Le premier novembre, Le Soleil présentait un portrait élogieux d’Autobus Breton, que l’on qualifie de « réussite économique de nos régions ». Qu’une telle entreprise ait besoin d’être subventionnée par les paliers gouvernementaux régional et provincial pour maintenir un service pour lequel elle n’a pourtant aucun compétiteur direct montre bien la désuétude du système de transport interurbain par autocar.

Un service essentiel

L’industrie est en crise depuis longtemps. Les gouvernements favorisent le règne de la voiture, et le développement des plateformes de covoiturage déstabilise une industrie qui a toujours été protégée de la concurrence. Évidemment, ce sont les personnes utilisatrices qui souffrent des augmentations et modulations de prix, des horaires réduits, des arrêts non desservis ou de la fin des services.

Pourtant, le transport collectif interurbain participe non seulement à l’atteinte des cibles de réduction des émissions de gaz à effet de serre, mais il assure aussi une fonction sociale. Ce service est essentiel pour les personnes qui n’ont pas accès à une voiture et qui vivent ou souhaitent se déplacer à l’extérieur des centres urbains.

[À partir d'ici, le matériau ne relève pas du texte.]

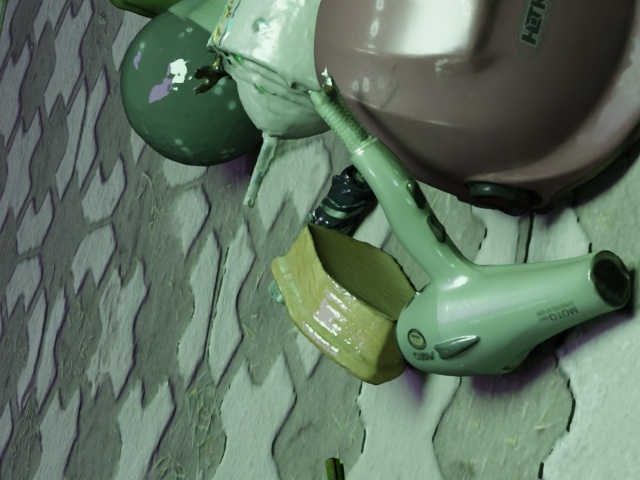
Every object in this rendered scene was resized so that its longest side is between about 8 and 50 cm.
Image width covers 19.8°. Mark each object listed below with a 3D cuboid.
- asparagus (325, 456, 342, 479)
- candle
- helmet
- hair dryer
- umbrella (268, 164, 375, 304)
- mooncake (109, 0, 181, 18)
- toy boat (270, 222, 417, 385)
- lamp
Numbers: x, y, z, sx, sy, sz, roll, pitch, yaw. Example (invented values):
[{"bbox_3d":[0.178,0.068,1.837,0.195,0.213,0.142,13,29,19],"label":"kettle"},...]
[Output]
[{"bbox_3d":[0.016,0.252,1.654,0.015,0.018,0.127,78,-175,-51],"label":"asparagus"},{"bbox_3d":[-0.004,-0.183,1.683,0.330,0.187,0.187,-65,24,0],"label":"candle"},{"bbox_3d":[0.117,-0.171,1.459,0.338,0.197,0.271,14,87,68],"label":"helmet"},{"bbox_3d":[0.117,-0.008,1.377,0.229,0.267,0.092,2,34,44],"label":"hair dryer"},{"bbox_3d":[0.000,0.000,1.801,0.188,0.046,0.050,-54,35,39],"label":"umbrella"},{"bbox_3d":[-0.141,-0.430,2.188,0.356,0.194,0.356,-41,41,51],"label":"mooncake"},{"bbox_3d":[0.031,0.056,1.616,0.061,0.116,0.188,-60,26,17],"label":"toy boat"},{"bbox_3d":[-0.086,-0.220,2.007,0.314,0.182,0.182,-47,32,15],"label":"lamp"}]
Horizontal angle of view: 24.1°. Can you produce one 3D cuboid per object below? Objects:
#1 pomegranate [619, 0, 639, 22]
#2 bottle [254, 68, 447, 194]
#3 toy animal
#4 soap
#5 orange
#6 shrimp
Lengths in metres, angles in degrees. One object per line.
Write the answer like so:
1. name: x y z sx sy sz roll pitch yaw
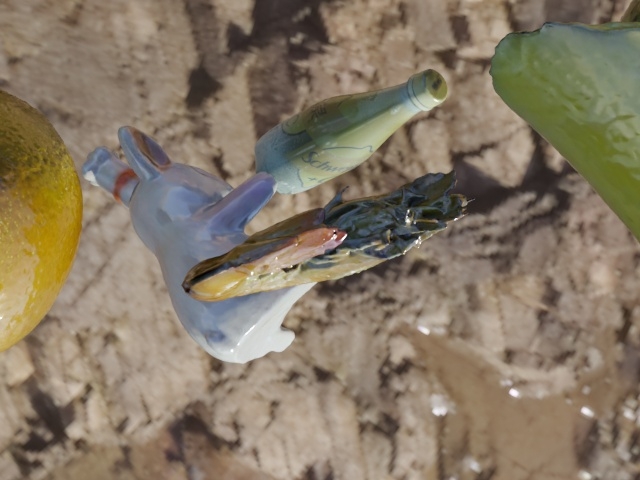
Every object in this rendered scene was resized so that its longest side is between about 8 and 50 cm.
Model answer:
1. pomegranate: 0.465 -0.145 1.559 0.341 0.285 0.285 30 89 -36
2. bottle: 0.032 -0.122 1.622 0.083 0.270 0.083 16 64 -36
3. toy animal: -0.111 -0.015 1.439 0.138 0.282 0.140 -17 151 -30
4. soap: 0.136 -0.023 0.522 0.168 0.089 0.033 47 46 -8
5. orange: -0.302 -0.015 1.209 0.236 0.236 0.236 -10 111 -28
6. shrimp: 0.000 0.000 1.167 0.150 0.249 0.068 -15 84 -67
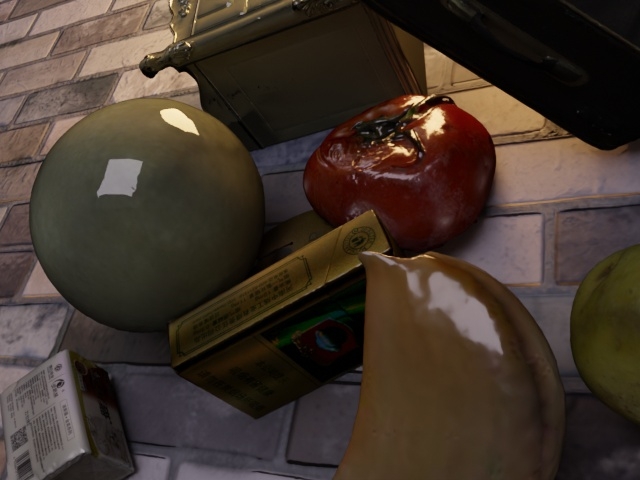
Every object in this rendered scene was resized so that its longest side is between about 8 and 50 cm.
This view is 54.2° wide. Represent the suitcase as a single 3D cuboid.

Dans un article du Devoir criant de vérité, Isabelle Porter parle des « oubliés de la route de la Beauce » qu’elle a rencontrés dans un trajet Québec – Saint-Georges : une adolescente qui vit en centre jeunesse et qui rend visite à sa mère, un homme issu de l’immigration nouvellement installé en Beauce qui suit des cours pour obtenir son permis de conduire, et plusieurs autres qui expliquent en quoi ce service est nécessaire pour briser leur isolement et favoriser leur maintien en région. Cet automne, une Beauceronne a d’ailleurs lancé une pétition en ligne pour demander le maintien du transport interurbain par autobus. Vivant avec un handicap visuel, elle explique pourquoi il s’agit d’un service essentiel pour elle, mais aussi pour d’autres personnes en situation de handicap ou de difficultés passagères, ainsi que pour de plus en plus de personnes âgées.

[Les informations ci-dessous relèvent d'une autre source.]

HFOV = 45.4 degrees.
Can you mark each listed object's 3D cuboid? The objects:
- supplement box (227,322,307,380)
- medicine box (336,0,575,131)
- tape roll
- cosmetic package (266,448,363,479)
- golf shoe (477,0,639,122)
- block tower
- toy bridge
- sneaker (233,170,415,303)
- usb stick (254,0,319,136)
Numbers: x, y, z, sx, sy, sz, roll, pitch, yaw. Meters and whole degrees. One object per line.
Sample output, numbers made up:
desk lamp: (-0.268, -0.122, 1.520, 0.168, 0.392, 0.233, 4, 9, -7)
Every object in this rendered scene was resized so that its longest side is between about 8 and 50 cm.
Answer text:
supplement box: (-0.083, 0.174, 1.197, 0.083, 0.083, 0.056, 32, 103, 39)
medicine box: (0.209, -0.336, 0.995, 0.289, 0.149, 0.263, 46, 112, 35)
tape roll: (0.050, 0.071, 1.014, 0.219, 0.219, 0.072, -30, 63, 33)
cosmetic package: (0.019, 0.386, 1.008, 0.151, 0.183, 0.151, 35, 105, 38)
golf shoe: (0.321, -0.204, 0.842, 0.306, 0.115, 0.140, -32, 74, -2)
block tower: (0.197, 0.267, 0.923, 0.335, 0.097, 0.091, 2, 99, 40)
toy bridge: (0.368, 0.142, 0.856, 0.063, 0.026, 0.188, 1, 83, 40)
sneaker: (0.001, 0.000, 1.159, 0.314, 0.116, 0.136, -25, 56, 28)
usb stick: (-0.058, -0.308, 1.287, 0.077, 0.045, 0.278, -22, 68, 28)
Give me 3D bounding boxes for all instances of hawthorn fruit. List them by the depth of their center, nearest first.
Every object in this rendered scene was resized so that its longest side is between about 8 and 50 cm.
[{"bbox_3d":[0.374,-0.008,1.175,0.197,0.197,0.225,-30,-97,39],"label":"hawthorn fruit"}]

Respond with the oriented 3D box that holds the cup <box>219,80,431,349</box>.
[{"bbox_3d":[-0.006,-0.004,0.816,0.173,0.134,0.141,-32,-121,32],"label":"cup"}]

Subventionner des monopoles privés

La question ne porte donc pas sur l’utilité du service, mais sur la façon dont il est financé, organisé et promu. C’est la Commission des transports du Québec (CTC) qui octroie des droits monopolistiques sur les différentes lignes de transport interurbain prédéterminées à des entreprises soumissionnaires. Environ une quinzaine de compagnies à but lucratif se partagent l’ensemble des lignes du réseau de transport interurbain.

Ces dernières ne reçoivent pas de financement public, mais elles doivent faire approuver leur offre de services (coût, trajet, horaire) par la CTC. En revanche, une panoplie de programmes permettent aux entreprises de réclamer des subventions, par exemple pour maintenir, améliorer, développer de nouveaux services ou même pour contrer l’abandon imminent d’un service.

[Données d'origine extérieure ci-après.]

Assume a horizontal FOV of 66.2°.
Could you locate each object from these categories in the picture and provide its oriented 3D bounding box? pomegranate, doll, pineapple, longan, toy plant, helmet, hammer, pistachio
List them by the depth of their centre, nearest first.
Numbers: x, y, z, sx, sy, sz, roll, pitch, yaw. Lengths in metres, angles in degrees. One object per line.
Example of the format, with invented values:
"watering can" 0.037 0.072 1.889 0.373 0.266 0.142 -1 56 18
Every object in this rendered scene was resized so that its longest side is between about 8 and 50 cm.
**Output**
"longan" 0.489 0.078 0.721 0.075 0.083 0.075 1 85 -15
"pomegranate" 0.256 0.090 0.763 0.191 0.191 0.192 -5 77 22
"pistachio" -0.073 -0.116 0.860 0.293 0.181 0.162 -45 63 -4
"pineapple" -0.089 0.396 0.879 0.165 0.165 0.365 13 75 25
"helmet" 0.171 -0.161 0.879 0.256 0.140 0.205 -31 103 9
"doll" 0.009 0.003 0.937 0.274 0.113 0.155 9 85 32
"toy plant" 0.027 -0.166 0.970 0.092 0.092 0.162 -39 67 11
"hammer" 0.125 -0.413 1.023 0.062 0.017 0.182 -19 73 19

Dans le cas beauceron, les préfets reconnaissent l’importance du transport interurbain, mais ne considèrent pas devoir financer une compagnie privée à cette fin, d’autant plus qu’Autobus Breton n’aurait ni fourni ses états de compte, ni démontré son plan d’action pour rentabiliser son service. Du moins, c’est ce qu’ils disaient en septembre dernier. Deux MRC ont depuis changé leur position et acceptent finalement de subventionner l’entreprise de transport. Le 14 novembre, nous saurons si la MRC récalcitrante emboîte le pas.

Vers la nationalisation ?

Il y a consensus sur le besoin d’accorder un financement public substantiel pour le service interurbain d’autocar. Même les chefs d’entreprises, ces messieurs Breton, Maheux, Gallant et al. le revendiquent. En revanche, pourquoi maintenir le système de contrats monopolistes octroyés par le gouvernement, ou la « régionalisation des marchés », un système archaïque mis en place dans les années 1930 ? Et comment justifier que le financement public de services d’intérêt général bénéficie à des entreprises à but lucratif ? Une chose est sûre, le Québec gagnerait à se doter d’un plan structurant pour le transport collectif interurbain.